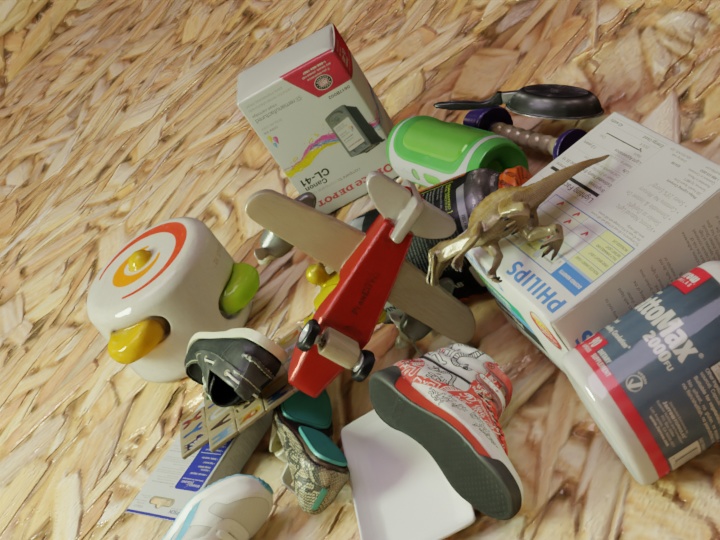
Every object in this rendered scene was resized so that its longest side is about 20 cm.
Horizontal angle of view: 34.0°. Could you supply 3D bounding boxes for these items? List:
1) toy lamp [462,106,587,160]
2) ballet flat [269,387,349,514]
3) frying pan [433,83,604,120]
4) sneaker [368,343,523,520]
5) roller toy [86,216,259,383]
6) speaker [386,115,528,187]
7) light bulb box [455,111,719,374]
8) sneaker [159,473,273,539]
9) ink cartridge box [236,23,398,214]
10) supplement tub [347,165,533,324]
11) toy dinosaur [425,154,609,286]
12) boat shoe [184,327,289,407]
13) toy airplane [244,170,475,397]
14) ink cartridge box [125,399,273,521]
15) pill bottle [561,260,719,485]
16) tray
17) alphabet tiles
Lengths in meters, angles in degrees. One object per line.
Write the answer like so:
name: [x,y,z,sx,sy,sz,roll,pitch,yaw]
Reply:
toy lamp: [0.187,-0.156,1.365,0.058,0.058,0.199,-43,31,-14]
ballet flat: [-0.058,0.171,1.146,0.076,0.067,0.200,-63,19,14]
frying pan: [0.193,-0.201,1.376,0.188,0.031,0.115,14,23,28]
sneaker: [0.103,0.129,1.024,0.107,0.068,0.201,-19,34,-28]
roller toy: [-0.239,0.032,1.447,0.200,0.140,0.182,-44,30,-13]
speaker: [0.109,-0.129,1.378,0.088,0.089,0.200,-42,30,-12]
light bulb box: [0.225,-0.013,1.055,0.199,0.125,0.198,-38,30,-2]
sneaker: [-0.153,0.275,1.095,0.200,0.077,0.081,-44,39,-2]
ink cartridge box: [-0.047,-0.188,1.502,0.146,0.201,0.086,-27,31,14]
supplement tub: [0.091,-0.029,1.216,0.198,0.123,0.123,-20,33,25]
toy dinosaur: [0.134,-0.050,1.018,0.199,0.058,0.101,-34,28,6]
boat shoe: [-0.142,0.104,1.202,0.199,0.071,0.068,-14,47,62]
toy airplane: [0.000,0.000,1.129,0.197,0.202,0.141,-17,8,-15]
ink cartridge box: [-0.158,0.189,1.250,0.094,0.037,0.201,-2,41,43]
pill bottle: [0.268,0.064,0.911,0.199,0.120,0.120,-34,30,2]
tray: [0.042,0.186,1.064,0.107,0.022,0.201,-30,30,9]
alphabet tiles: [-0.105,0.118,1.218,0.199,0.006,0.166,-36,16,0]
──────────────────────────────
Out of the data above, set down the lines from the one with "8) sneaker [159,473,273,539]" to the one with "name: [x,y,z,sx,sy,sz,roll,pitch,yaw]", both included, exactly as written and with no additions.

8) sneaker [159,473,273,539]
9) ink cartridge box [236,23,398,214]
10) supplement tub [347,165,533,324]
11) toy dinosaur [425,154,609,286]
12) boat shoe [184,327,289,407]
13) toy airplane [244,170,475,397]
14) ink cartridge box [125,399,273,521]
15) pill bottle [561,260,719,485]
16) tray
17) alphabet tiles
Lengths in meters, angles in degrees. One object per line.
Write the answer like so:
name: [x,y,z,sx,sy,sz,roll,pitch,yaw]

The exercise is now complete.